Когда общественные отношения, соответствующие определенной ступени производства, только возникают или когда они уже исчезают, естественно происходят нарушения производства, хотя в различной степени и с различным результатом.

Резюмируем: есть определения, общие всем ступеням производства, которые фиксируются мышлением как всеобщие; однако так называемые общие условия всякого производства суть не что иное, как эти абстрактные моменты, с помощью которых нельзя понять ни одной действительной исторической ступени производства.
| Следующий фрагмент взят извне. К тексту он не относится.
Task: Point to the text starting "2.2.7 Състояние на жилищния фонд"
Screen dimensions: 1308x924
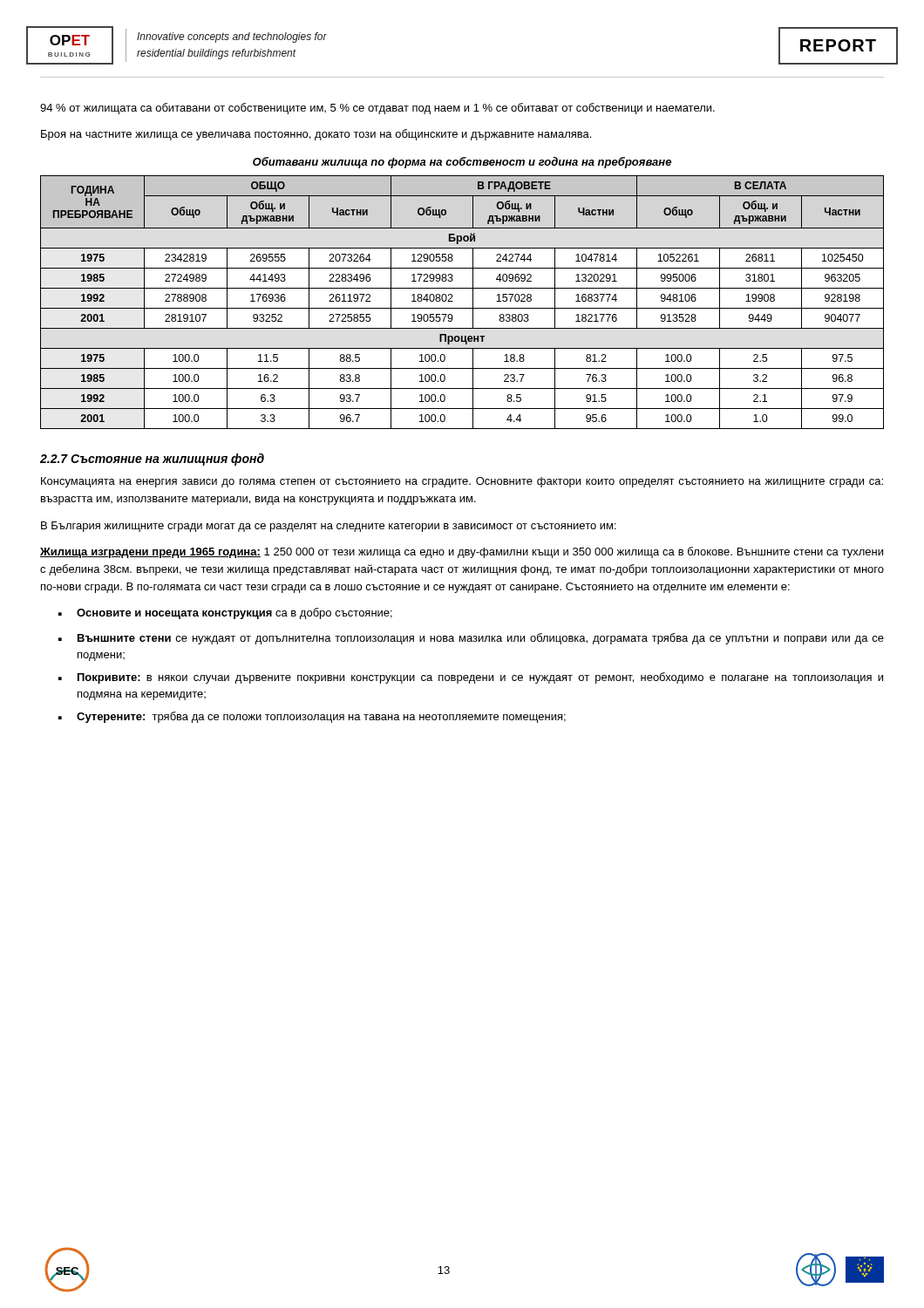Action: click(x=152, y=459)

2. ОБЩЕЕ ОТНОШЕНИЕ ПРОИЗВОДСТВА К РАСПРЕДЕЛЕНИЮ, ОБМЕНУ, ПОТРЕБЛЕНИЮ

Прежде чем продолжать дальнейший анализ производства, необходимо обратить внимание на те различные рубрики, которые ставят рядом с ним экономисты.

Первое поверхностное представление: в процессе производства члены общества приспособляют (создают, преобразуют) продукты природы к человеческим потребностям; распределение устанавливает пропорцию, в которой каждый индивидуум принимает участие в произведенном; обмен доставляет ему те определенные продукты, на которые он хочет обменять доставшуюся ему при распределении долю; наконец, в потреблении продукты становятся предметами потребления, индивидуального присвоения. Производство создает предметы, соответствующие потребностям; распределение распределяет их согласно общественным законам; обмен снова распределяет уже распределенное согласно отдельным потребностям; наконец, в потреблении продукт выпадает из этого общественного движения, становится непосредственно предметом и слугой отдельной потребности и удовлетворяет ее в процессе потребления. Производство выступает, таким образом, исходным пунктом, потребление — конечным пунктом, распределение и обмен — серединой, которая, в свою очередь, заключает в себе два момента, так как распределение определяется как момент, исходящий от общества, а обмен — от индивидуума. В производстве объективируется личность, в личности субъективируется вещь; в распределении общество принимает на себя, в форме господствующих всеобщих определений, опосредствованно между производством и потреблением, в обмене они опосредствуются случайной определенностью индивидуума.